Records from a data source
******************************
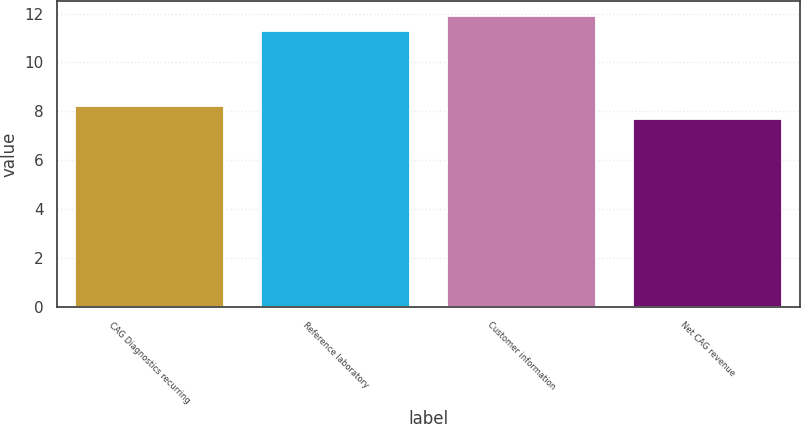Convert chart. <chart><loc_0><loc_0><loc_500><loc_500><bar_chart><fcel>CAG Diagnostics recurring<fcel>Reference laboratory<fcel>Customer information<fcel>Net CAG revenue<nl><fcel>8.2<fcel>11.3<fcel>11.9<fcel>7.7<nl></chart> 
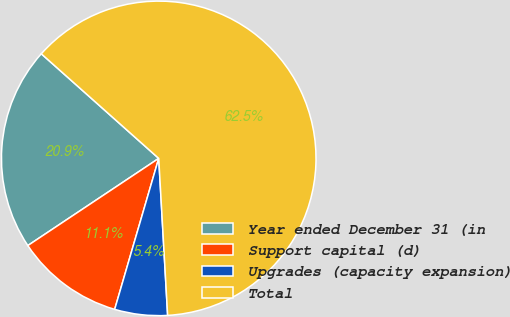Convert chart. <chart><loc_0><loc_0><loc_500><loc_500><pie_chart><fcel>Year ended December 31 (in<fcel>Support capital (d)<fcel>Upgrades (capacity expansion)<fcel>Total<nl><fcel>20.93%<fcel>11.13%<fcel>5.42%<fcel>62.51%<nl></chart> 
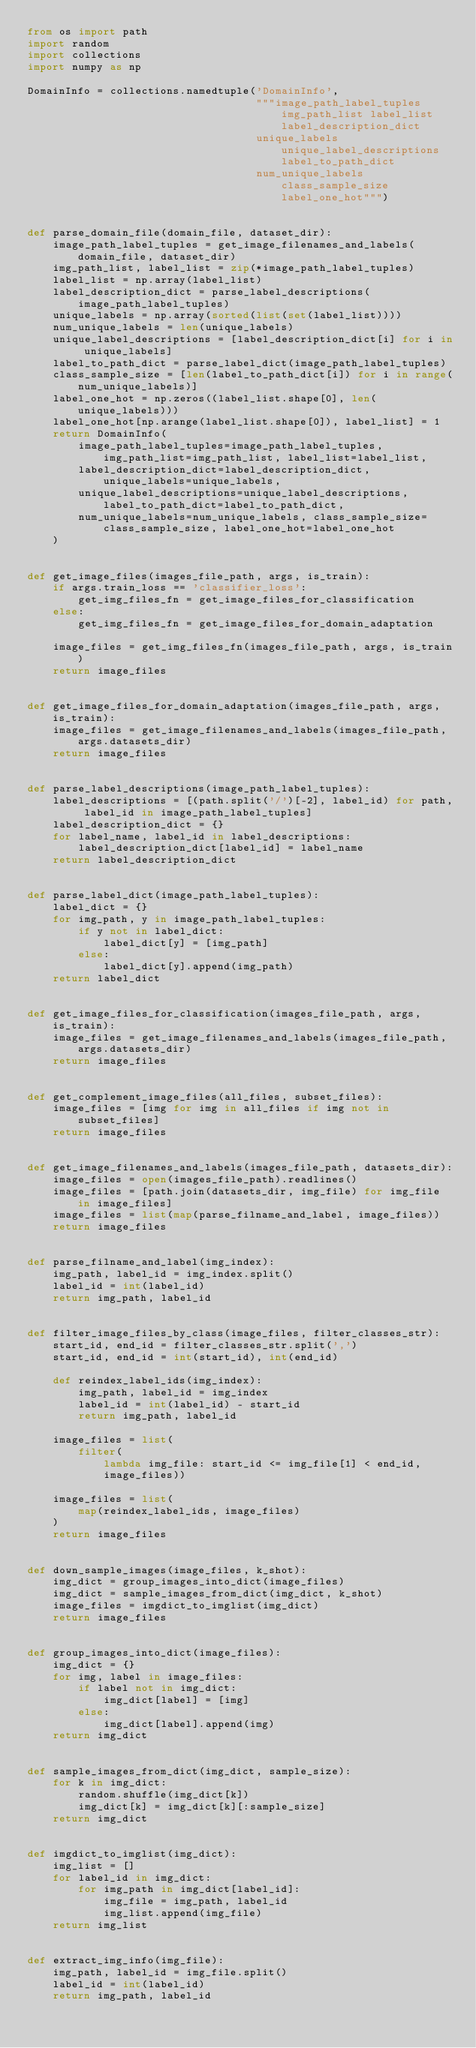Convert code to text. <code><loc_0><loc_0><loc_500><loc_500><_Python_>from os import path
import random
import collections
import numpy as np

DomainInfo = collections.namedtuple('DomainInfo',
                                    """image_path_label_tuples img_path_list label_list label_description_dict 
                                    unique_labels unique_label_descriptions label_to_path_dict 
                                    num_unique_labels class_sample_size label_one_hot""")


def parse_domain_file(domain_file, dataset_dir):
    image_path_label_tuples = get_image_filenames_and_labels(domain_file, dataset_dir)
    img_path_list, label_list = zip(*image_path_label_tuples)
    label_list = np.array(label_list)
    label_description_dict = parse_label_descriptions(image_path_label_tuples)
    unique_labels = np.array(sorted(list(set(label_list))))
    num_unique_labels = len(unique_labels)
    unique_label_descriptions = [label_description_dict[i] for i in unique_labels]
    label_to_path_dict = parse_label_dict(image_path_label_tuples)
    class_sample_size = [len(label_to_path_dict[i]) for i in range(num_unique_labels)]
    label_one_hot = np.zeros((label_list.shape[0], len(unique_labels)))
    label_one_hot[np.arange(label_list.shape[0]), label_list] = 1
    return DomainInfo(
        image_path_label_tuples=image_path_label_tuples, img_path_list=img_path_list, label_list=label_list,
        label_description_dict=label_description_dict, unique_labels=unique_labels,
        unique_label_descriptions=unique_label_descriptions, label_to_path_dict=label_to_path_dict,
        num_unique_labels=num_unique_labels, class_sample_size=class_sample_size, label_one_hot=label_one_hot
    )


def get_image_files(images_file_path, args, is_train):
    if args.train_loss == 'classifier_loss':
        get_img_files_fn = get_image_files_for_classification
    else:
        get_img_files_fn = get_image_files_for_domain_adaptation

    image_files = get_img_files_fn(images_file_path, args, is_train)
    return image_files


def get_image_files_for_domain_adaptation(images_file_path, args, is_train):
    image_files = get_image_filenames_and_labels(images_file_path, args.datasets_dir)
    return image_files


def parse_label_descriptions(image_path_label_tuples):
    label_descriptions = [(path.split('/')[-2], label_id) for path, label_id in image_path_label_tuples]
    label_description_dict = {}
    for label_name, label_id in label_descriptions:
        label_description_dict[label_id] = label_name
    return label_description_dict


def parse_label_dict(image_path_label_tuples):
    label_dict = {}
    for img_path, y in image_path_label_tuples:
        if y not in label_dict:
            label_dict[y] = [img_path]
        else:
            label_dict[y].append(img_path)
    return label_dict


def get_image_files_for_classification(images_file_path, args, is_train):
    image_files = get_image_filenames_and_labels(images_file_path, args.datasets_dir)
    return image_files


def get_complement_image_files(all_files, subset_files):
    image_files = [img for img in all_files if img not in subset_files]
    return image_files


def get_image_filenames_and_labels(images_file_path, datasets_dir):
    image_files = open(images_file_path).readlines()
    image_files = [path.join(datasets_dir, img_file) for img_file in image_files]
    image_files = list(map(parse_filname_and_label, image_files))
    return image_files


def parse_filname_and_label(img_index):
    img_path, label_id = img_index.split()
    label_id = int(label_id)
    return img_path, label_id


def filter_image_files_by_class(image_files, filter_classes_str):
    start_id, end_id = filter_classes_str.split(',')
    start_id, end_id = int(start_id), int(end_id)

    def reindex_label_ids(img_index):
        img_path, label_id = img_index
        label_id = int(label_id) - start_id
        return img_path, label_id

    image_files = list(
        filter(
            lambda img_file: start_id <= img_file[1] < end_id,
            image_files))

    image_files = list(
        map(reindex_label_ids, image_files)
    )
    return image_files


def down_sample_images(image_files, k_shot):
    img_dict = group_images_into_dict(image_files)
    img_dict = sample_images_from_dict(img_dict, k_shot)
    image_files = imgdict_to_imglist(img_dict)
    return image_files


def group_images_into_dict(image_files):
    img_dict = {}
    for img, label in image_files:
        if label not in img_dict:
            img_dict[label] = [img]
        else:
            img_dict[label].append(img)
    return img_dict


def sample_images_from_dict(img_dict, sample_size):
    for k in img_dict:
        random.shuffle(img_dict[k])
        img_dict[k] = img_dict[k][:sample_size]
    return img_dict


def imgdict_to_imglist(img_dict):
    img_list = []
    for label_id in img_dict:
        for img_path in img_dict[label_id]:
            img_file = img_path, label_id
            img_list.append(img_file)
    return img_list


def extract_img_info(img_file):
    img_path, label_id = img_file.split()
    label_id = int(label_id)
    return img_path, label_id
</code> 
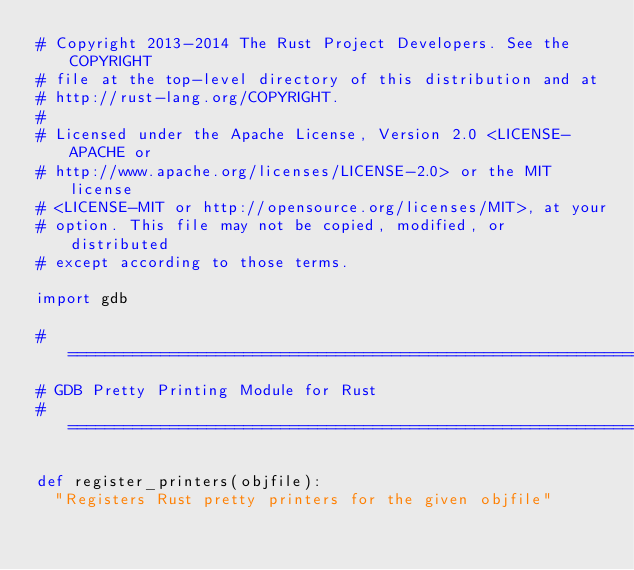<code> <loc_0><loc_0><loc_500><loc_500><_Python_># Copyright 2013-2014 The Rust Project Developers. See the COPYRIGHT
# file at the top-level directory of this distribution and at
# http://rust-lang.org/COPYRIGHT.
#
# Licensed under the Apache License, Version 2.0 <LICENSE-APACHE or
# http://www.apache.org/licenses/LICENSE-2.0> or the MIT license
# <LICENSE-MIT or http://opensource.org/licenses/MIT>, at your
# option. This file may not be copied, modified, or distributed
# except according to those terms.

import gdb

#===============================================================================
# GDB Pretty Printing Module for Rust
#===============================================================================

def register_printers(objfile):
  "Registers Rust pretty printers for the given objfile"</code> 
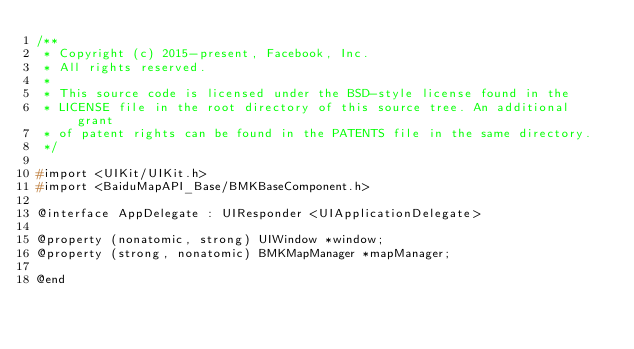Convert code to text. <code><loc_0><loc_0><loc_500><loc_500><_C_>/**
 * Copyright (c) 2015-present, Facebook, Inc.
 * All rights reserved.
 *
 * This source code is licensed under the BSD-style license found in the
 * LICENSE file in the root directory of this source tree. An additional grant
 * of patent rights can be found in the PATENTS file in the same directory.
 */

#import <UIKit/UIKit.h>
#import <BaiduMapAPI_Base/BMKBaseComponent.h>

@interface AppDelegate : UIResponder <UIApplicationDelegate>

@property (nonatomic, strong) UIWindow *window;
@property (strong, nonatomic) BMKMapManager *mapManager;

@end
</code> 
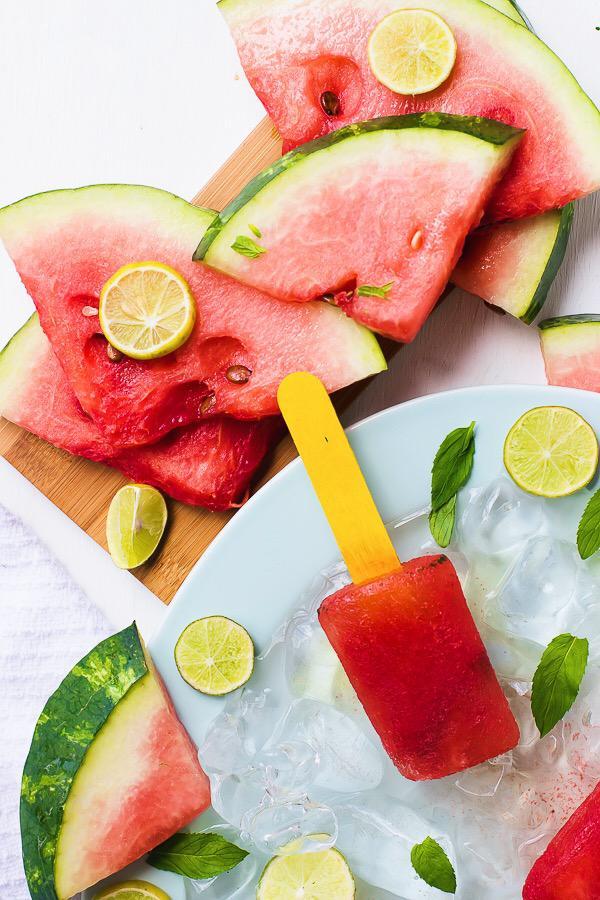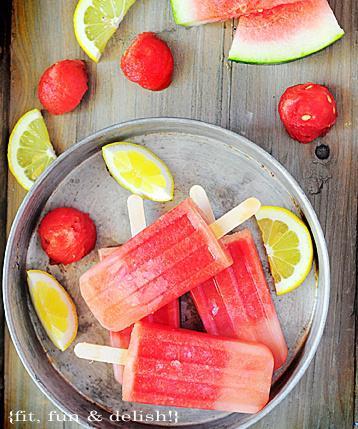The first image is the image on the left, the second image is the image on the right. Examine the images to the left and right. Is the description "Each of the images features fresh watermelon slices along with popsicles." accurate? Answer yes or no. Yes. The first image is the image on the left, the second image is the image on the right. Examine the images to the left and right. Is the description "An image shows a whole lemon along with watermelon imagery." accurate? Answer yes or no. No. 
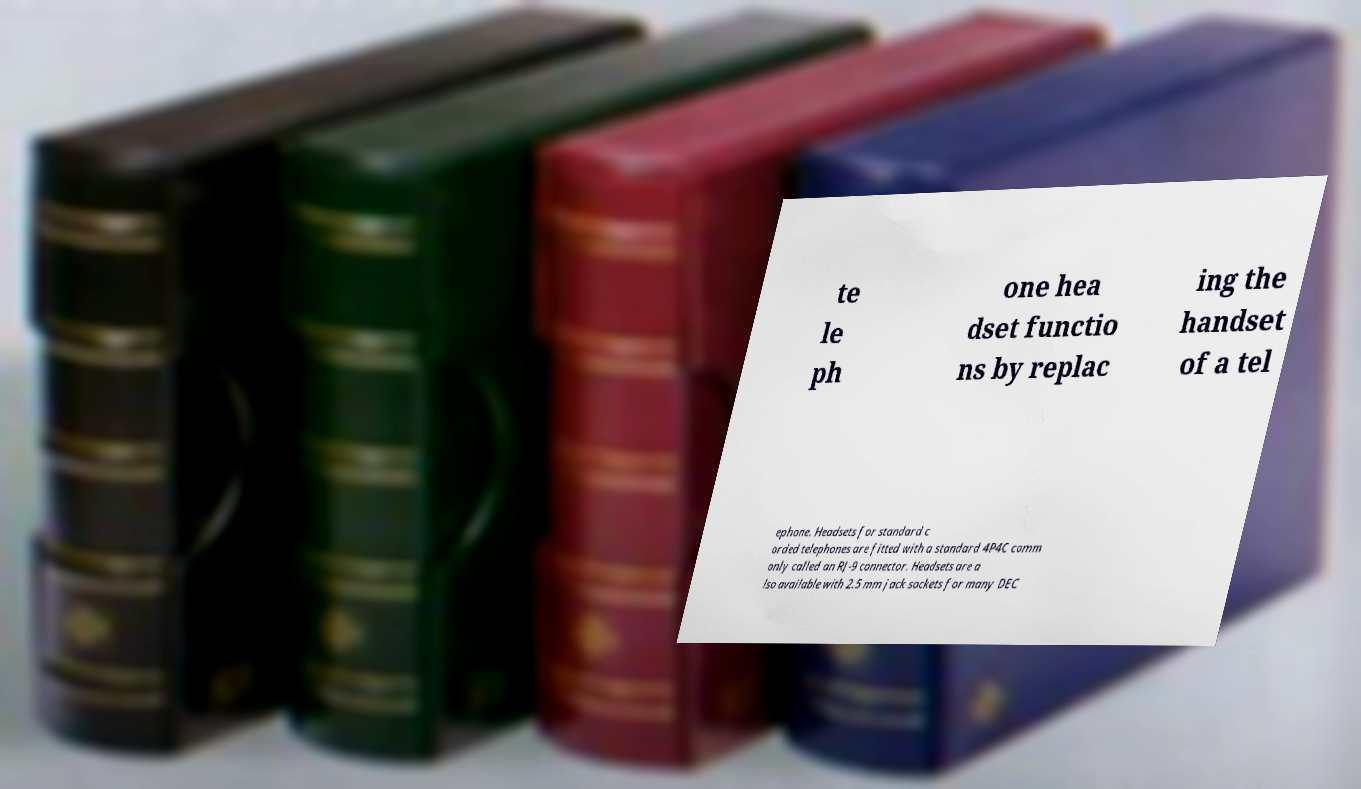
******************************
Exercise goal: Please give the entries again word for word, without any pictures.

Output for this exercise:
Convert chart. <chart><loc_0><loc_0><loc_500><loc_500><bar_chart><fcel>CAG Diagnostics recurring<fcel>Reference laboratory<fcel>Customer information<fcel>Net CAG revenue<nl><fcel>8.2<fcel>11.3<fcel>11.9<fcel>7.7<nl></chart> 
Convert chart. <chart><loc_0><loc_0><loc_500><loc_500><pie_chart><fcel>Year ended December 31 (in<fcel>Support capital (d)<fcel>Upgrades (capacity expansion)<fcel>Total<nl><fcel>20.93%<fcel>11.13%<fcel>5.42%<fcel>62.51%<nl></chart> 
Convert code to text. <code><loc_0><loc_0><loc_500><loc_500><_Python_>from os import path
import random
import collections
import numpy as np

DomainInfo = collections.namedtuple('DomainInfo',
                                    """image_path_label_tuples img_path_list label_list label_description_dict 
                                    unique_labels unique_label_descriptions label_to_path_dict 
                                    num_unique_labels class_sample_size label_one_hot""")


def parse_domain_file(domain_file, dataset_dir):
    image_path_label_tuples = get_image_filenames_and_labels(domain_file, dataset_dir)
    img_path_list, label_list = zip(*image_path_label_tuples)
    label_list = np.array(label_list)
    label_description_dict = parse_label_descriptions(image_path_label_tuples)
    unique_labels = np.array(sorted(list(set(label_list))))
    num_unique_labels = len(unique_labels)
    unique_label_descriptions = [label_description_dict[i] for i in unique_labels]
    label_to_path_dict = parse_label_dict(image_path_label_tuples)
    class_sample_size = [len(label_to_path_dict[i]) for i in range(num_unique_labels)]
    label_one_hot = np.zeros((label_list.shape[0], len(unique_labels)))
    label_one_hot[np.arange(label_list.shape[0]), label_list] = 1
    return DomainInfo(
        image_path_label_tuples=image_path_label_tuples, img_path_list=img_path_list, label_list=label_list,
        label_description_dict=label_description_dict, unique_labels=unique_labels,
        unique_label_descriptions=unique_label_descriptions, label_to_path_dict=label_to_path_dict,
        num_unique_labels=num_unique_labels, class_sample_size=class_sample_size, label_one_hot=label_one_hot
    )


def get_image_files(images_file_path, args, is_train):
    if args.train_loss == 'classifier_loss':
        get_img_files_fn = get_image_files_for_classification
    else:
        get_img_files_fn = get_image_files_for_domain_adaptation

    image_files = get_img_files_fn(images_file_path, args, is_train)
    return image_files


def get_image_files_for_domain_adaptation(images_file_path, args, is_train):
    image_files = get_image_filenames_and_labels(images_file_path, args.datasets_dir)
    return image_files


def parse_label_descriptions(image_path_label_tuples):
    label_descriptions = [(path.split('/')[-2], label_id) for path, label_id in image_path_label_tuples]
    label_description_dict = {}
    for label_name, label_id in label_descriptions:
        label_description_dict[label_id] = label_name
    return label_description_dict


def parse_label_dict(image_path_label_tuples):
    label_dict = {}
    for img_path, y in image_path_label_tuples:
        if y not in label_dict:
            label_dict[y] = [img_path]
        else:
            label_dict[y].append(img_path)
    return label_dict


def get_image_files_for_classification(images_file_path, args, is_train):
    image_files = get_image_filenames_and_labels(images_file_path, args.datasets_dir)
    return image_files


def get_complement_image_files(all_files, subset_files):
    image_files = [img for img in all_files if img not in subset_files]
    return image_files


def get_image_filenames_and_labels(images_file_path, datasets_dir):
    image_files = open(images_file_path).readlines()
    image_files = [path.join(datasets_dir, img_file) for img_file in image_files]
    image_files = list(map(parse_filname_and_label, image_files))
    return image_files


def parse_filname_and_label(img_index):
    img_path, label_id = img_index.split()
    label_id = int(label_id)
    return img_path, label_id


def filter_image_files_by_class(image_files, filter_classes_str):
    start_id, end_id = filter_classes_str.split(',')
    start_id, end_id = int(start_id), int(end_id)

    def reindex_label_ids(img_index):
        img_path, label_id = img_index
        label_id = int(label_id) - start_id
        return img_path, label_id

    image_files = list(
        filter(
            lambda img_file: start_id <= img_file[1] < end_id,
            image_files))

    image_files = list(
        map(reindex_label_ids, image_files)
    )
    return image_files


def down_sample_images(image_files, k_shot):
    img_dict = group_images_into_dict(image_files)
    img_dict = sample_images_from_dict(img_dict, k_shot)
    image_files = imgdict_to_imglist(img_dict)
    return image_files


def group_images_into_dict(image_files):
    img_dict = {}
    for img, label in image_files:
        if label not in img_dict:
            img_dict[label] = [img]
        else:
            img_dict[label].append(img)
    return img_dict


def sample_images_from_dict(img_dict, sample_size):
    for k in img_dict:
        random.shuffle(img_dict[k])
        img_dict[k] = img_dict[k][:sample_size]
    return img_dict


def imgdict_to_imglist(img_dict):
    img_list = []
    for label_id in img_dict:
        for img_path in img_dict[label_id]:
            img_file = img_path, label_id
            img_list.append(img_file)
    return img_list


def extract_img_info(img_file):
    img_path, label_id = img_file.split()
    label_id = int(label_id)
    return img_path, label_id
</code> 
<code> <loc_0><loc_0><loc_500><loc_500><_Python_># Copyright 2013-2014 The Rust Project Developers. See the COPYRIGHT
# file at the top-level directory of this distribution and at
# http://rust-lang.org/COPYRIGHT.
#
# Licensed under the Apache License, Version 2.0 <LICENSE-APACHE or
# http://www.apache.org/licenses/LICENSE-2.0> or the MIT license
# <LICENSE-MIT or http://opensource.org/licenses/MIT>, at your
# option. This file may not be copied, modified, or distributed
# except according to those terms.

import gdb

#===============================================================================
# GDB Pretty Printing Module for Rust
#===============================================================================

def register_printers(objfile):
  "Registers Rust pretty printers for the given objfile"</code> 
Convert code to text. <code><loc_0><loc_0><loc_500><loc_500><_C_>/**
 * Copyright (c) 2015-present, Facebook, Inc.
 * All rights reserved.
 *
 * This source code is licensed under the BSD-style license found in the
 * LICENSE file in the root directory of this source tree. An additional grant
 * of patent rights can be found in the PATENTS file in the same directory.
 */

#import <UIKit/UIKit.h>
#import <BaiduMapAPI_Base/BMKBaseComponent.h>

@interface AppDelegate : UIResponder <UIApplicationDelegate>

@property (nonatomic, strong) UIWindow *window;
@property (strong, nonatomic) BMKMapManager *mapManager;

@end
</code> 
The first image is the image on the left, the second image is the image on the right. Examine the images to the left and right. Is the description "Each of the images features fresh watermelon slices along with popsicles." accurate? Answer yes or no. Yes. The first image is the image on the left, the second image is the image on the right. Examine the images to the left and right. Is the description "An image shows a whole lemon along with watermelon imagery." accurate? Answer yes or no. No. 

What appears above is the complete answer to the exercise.